Should this have been a production level project, here are some extensions that could have been added:

 - **TESTS:** I would add unittests and some regression tests to various components of the app, including but not limited to the `build_betas()` function as well as saving the previous beta output to ensure that the new beta output is in line with our previous ones. This should also catch data errors (in case, for example, Quandl somehow sends us different historical data than it did the day before). Additionally, we'd need tests around the data (ex. columns in NASDAQ csv) to ensure that we're getting the data we expect.
 - **Additional data:** We currently only get NASDAQ data. We should get data from NYSE as well to cover most equities. We also do not get ETFs. Additionally, there are some shortcomings in the adjustments to the SPY data (it is not total return) that need to be taken into account. 

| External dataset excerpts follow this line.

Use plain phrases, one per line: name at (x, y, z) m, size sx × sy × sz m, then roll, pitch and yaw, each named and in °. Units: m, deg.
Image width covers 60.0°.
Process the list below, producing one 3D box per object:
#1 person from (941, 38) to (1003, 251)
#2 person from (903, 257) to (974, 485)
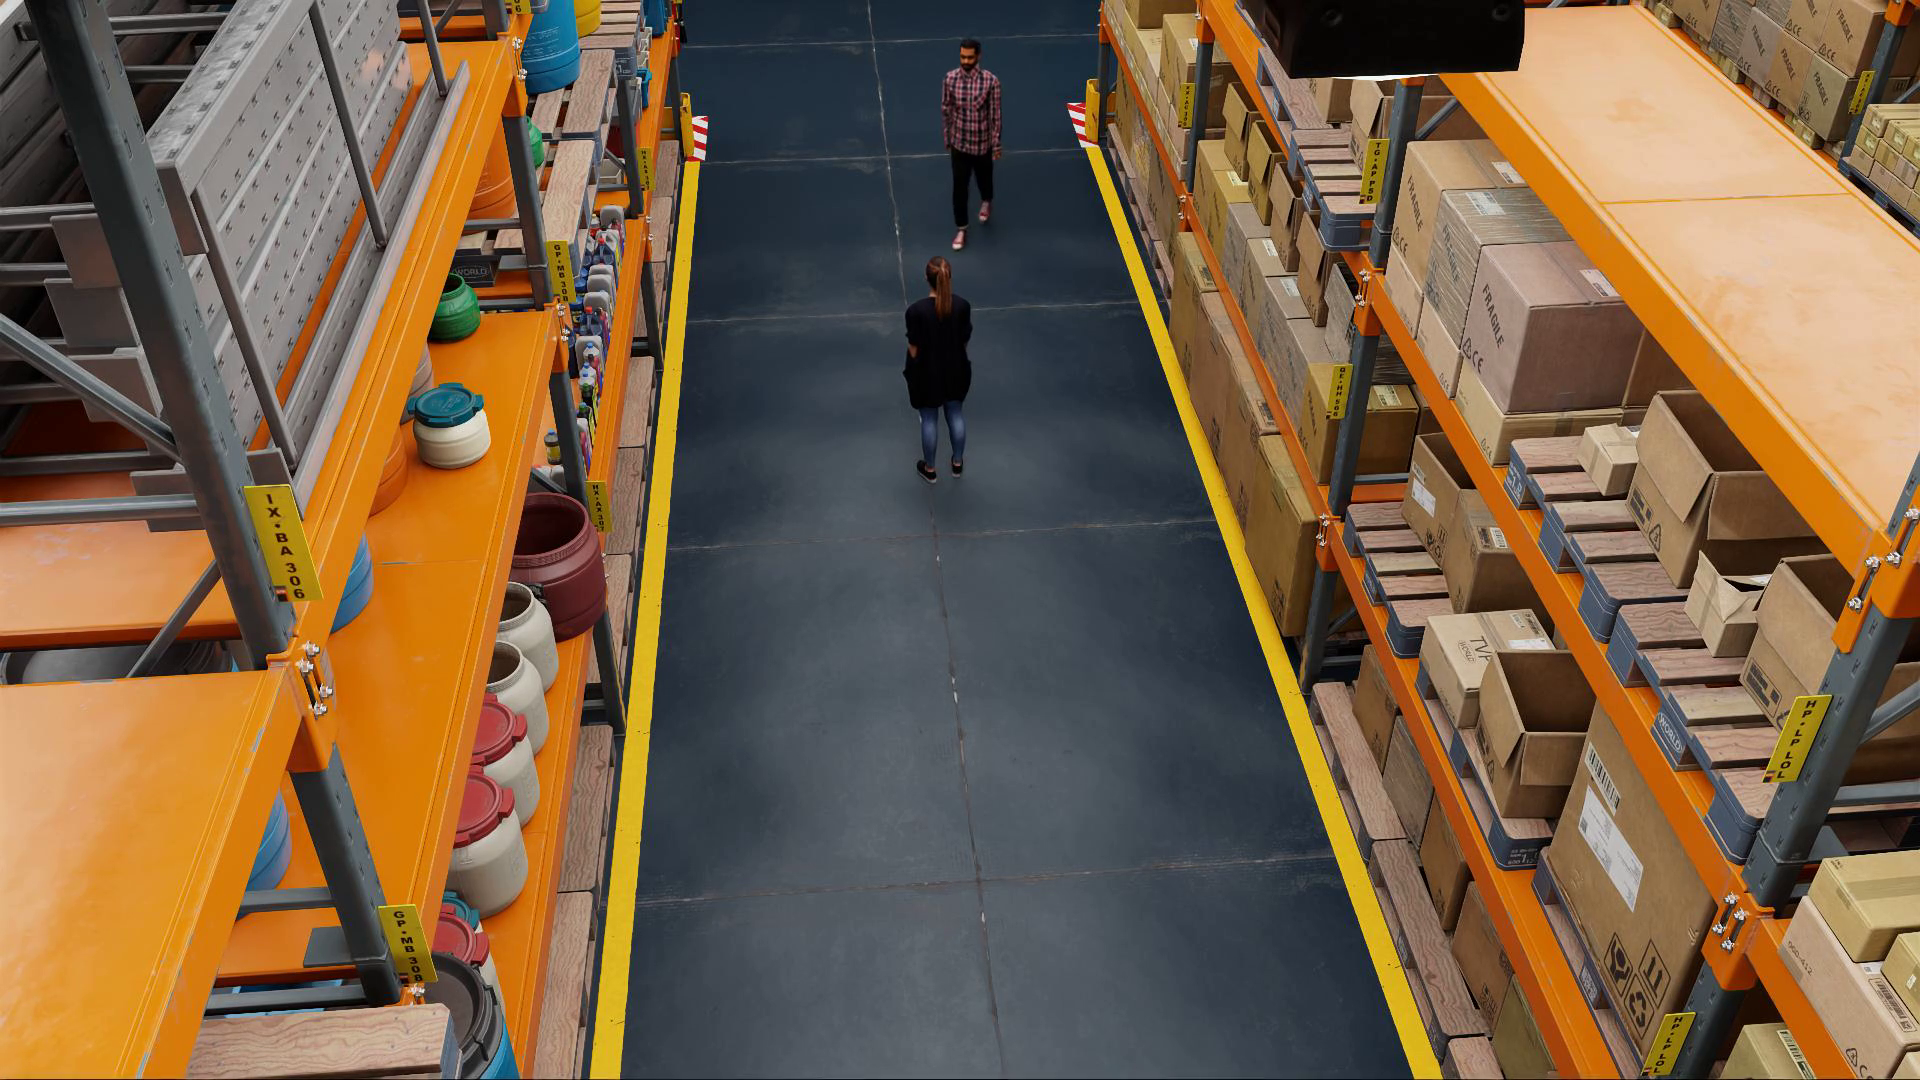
person at (0.128, -3.387, 14.025) m, size 0.863 × 1.750 × 1.063 m, roll 7°, pitch 38°, yaw 9°
person at (-0.135, -1.129, 11.112) m, size 0.666 × 1.680 × 0.610 m, roll -10°, pitch 38°, yaw -12°

 - **Datastore:** The data is currently stored in pickled DataFrames, and only the data we need (the rest is discarded). Ideally, we'd move this to a Postgres database, and perhaps Redshift if the data starts moving beyond a few GBs, for optimal performance. 
 - **Select recalculation:** Currently, on recalculation, all data is fetched from Quandl, even data that we've used before, and all calculations are made again. Ideally, we should only fetch new data and calculate based on the new data. 
 - **Auto-recalculation:** Currently, only manual recalculation is supported. I would add a process that auto-recalculates every business day at a certain time when both NASDAQ and Quandl have updated their data. Perhaps an asynchronus process and a scheduler (Celery and Celery Beat is what I've used in the past) could help here.
 - **Settings through UI:** Currently, the modal that pops up in the web app does not contain options to edit the settings in  `betalyzer.py` (see settings above). Ideally, I'd add these to the 'Recalculation' modal, so the user can select start date, end date, market index, beta calculation window, etc.
 - **[numba](http://numba.pydata.org/):** Luckily, the components we needed to calculate beta (`cov`, `var`) were built in to pandas' rolling library. However, we may have faced a situation where these functions were not built in. In that case, we could have used the `numba` to optimize our calculations. (Note I'm no expert on numba -- one area I'd like to improve upon).